"Lists are what they tell you to begin with if you want to be on top of things."
"Lists are what you write when you are going shopping for things you don't need as much to remember regardless."
--Monica de la Torre from Public Domain
"Lists are what you write when you are going shopping for things you don't need as much to remember regardless."
--Monica de la Torre from Public Domain
Lists might conceivably replace the essay one day. Perhaps there is a grad student in sociology somewhere working out the empirical details of whether people turn to lists more than essays nowadays, but the research could only add a statistic to what is already apparent; that people prefer examples to reasons and a discovery to a defense.

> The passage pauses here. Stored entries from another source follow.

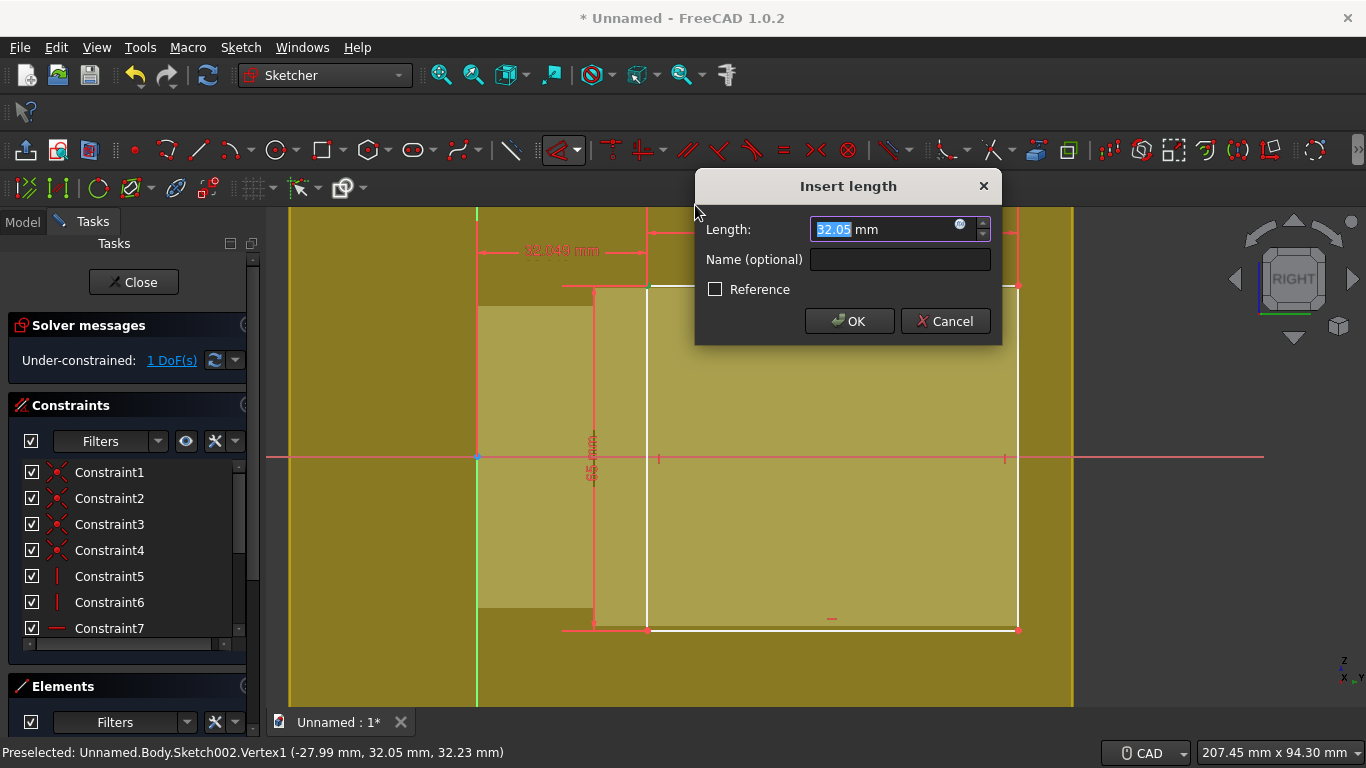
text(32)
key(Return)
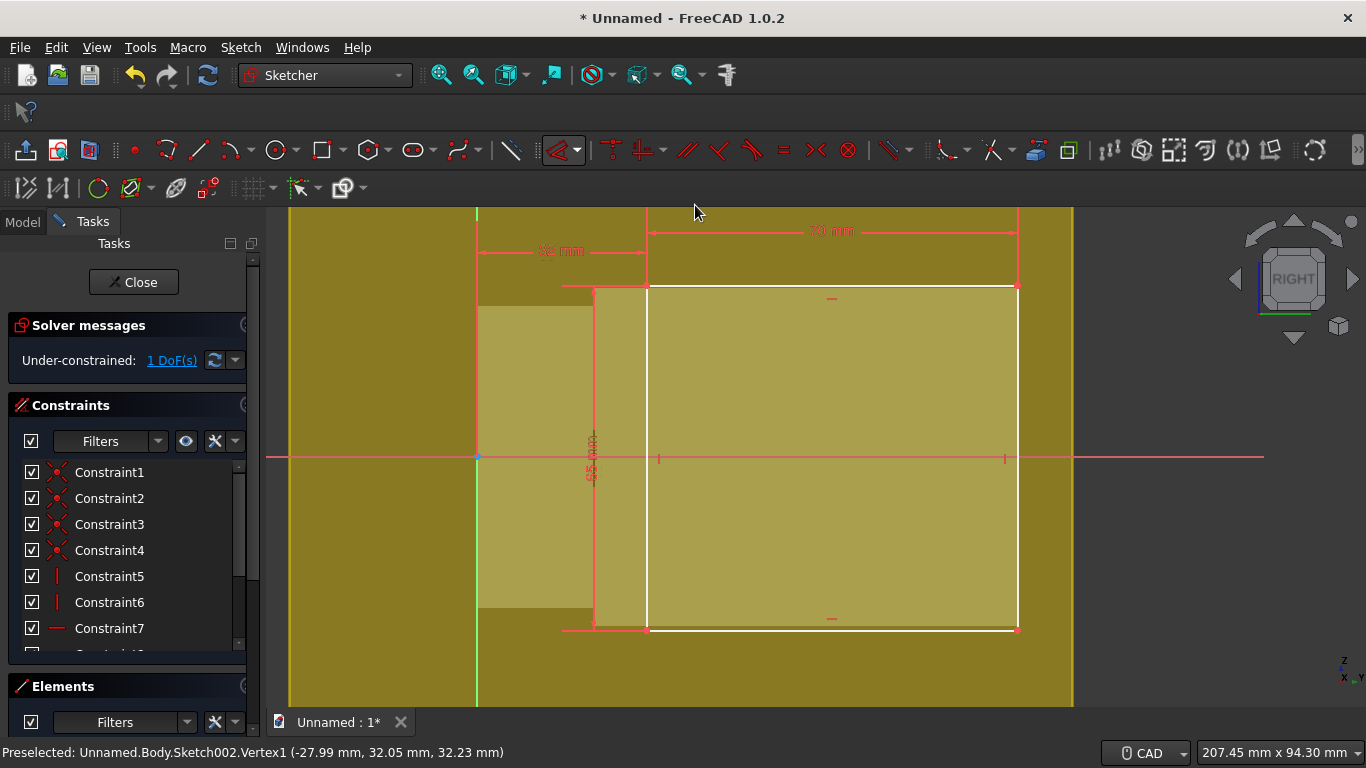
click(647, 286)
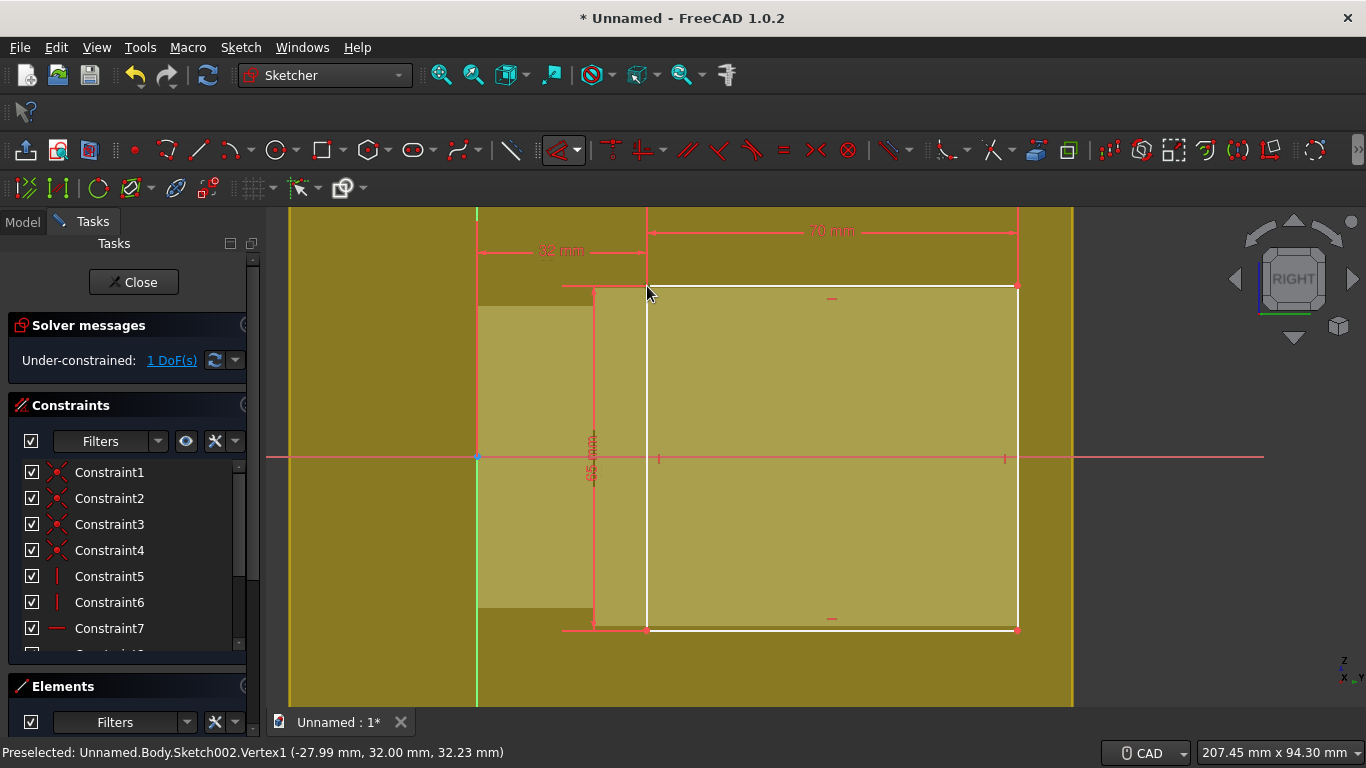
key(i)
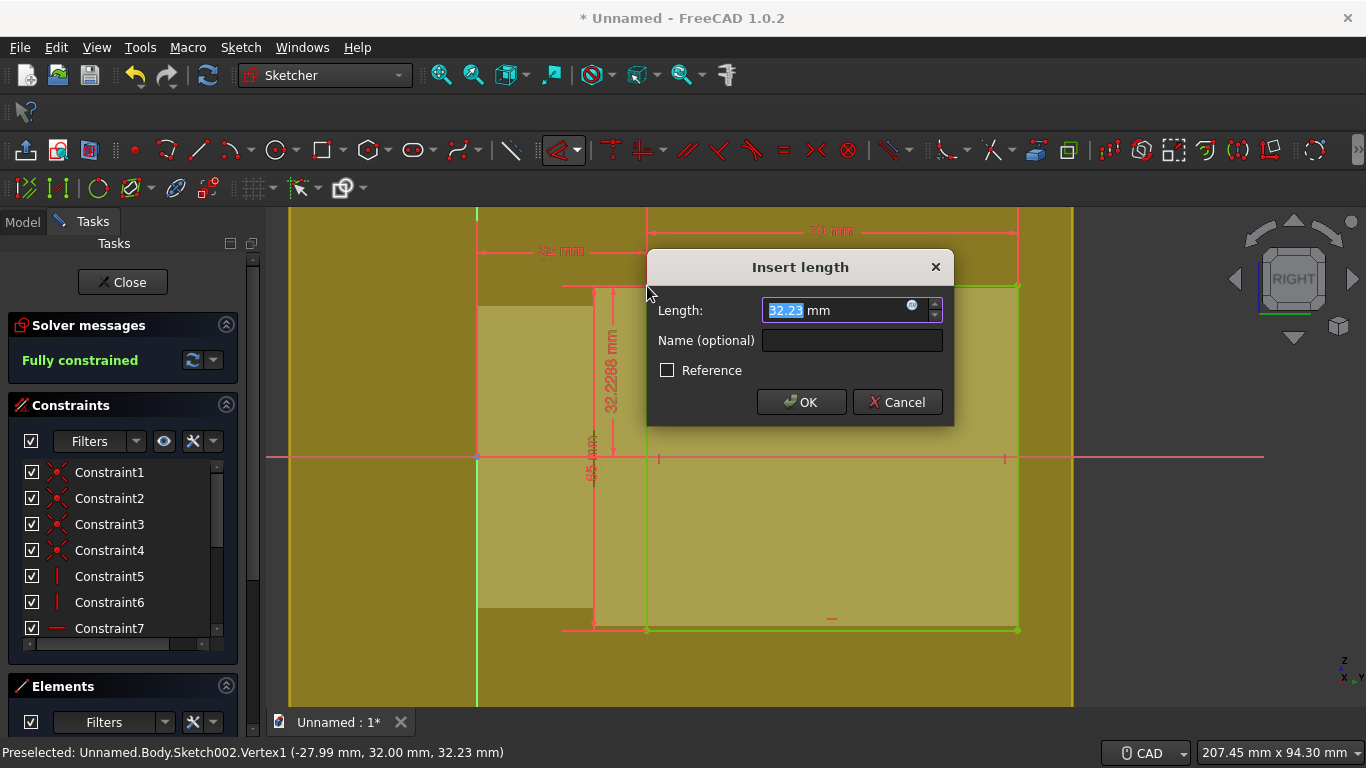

Only a few months ago, one such list caught my attention. It was the Harvard suggested list of films for undergraduates to see, and I have returned to the list at least a dozen times. The Harvard list is not a canon of the greatest films of all-time, but rather, guides the undergraduate towards films that will supplement their predictable viewing selections. On this supplementary list is Petulia.
Richard Lester's Petulia is laced in all sorts of pop iconography. We see Big Brother and Holding Company and the Grateful Dead in snippets, Petulia's (Julie Christie's) amazing late-60s wardrobe, fairly cool cars, and all of this set in San Francisco. The film is also chock-full of flashbacks and what are probably anachronisms, adding to the overall pop facade.
Underneath the stylized story-telling, the plot is plain and simple. Petulia propositions Archie (George C. Scott), they have a romance that never quite works out, and they go their separate ways. If there is a motive behind it all, it is that Petulia is trapped in bad circumstances and looking for a way out, but not at the expense of faking love. She wants something real, and so does Archie, though he does not know it is Petulia until it is too late. As director Richard Lester said, "It's a very real film about two people trying to get through to each other." The operative word here is "trying."
What sets the film apart is its sense of dealing with life as it comes, and precisely that alone. The film seems to bump its head against these limits as if real life deserves a place on celluloid even if other movies take another route. It is not a great story, just a believable one, and for this reason, it maintains a place on Harvard's list of supplementary films (the only list I have seen it included on). Furthermore, as a supplement, it is a film that informs our core sense of what a film can be by not being the average 60s viewing experience, but distinctly itself; something of a one hit wonder.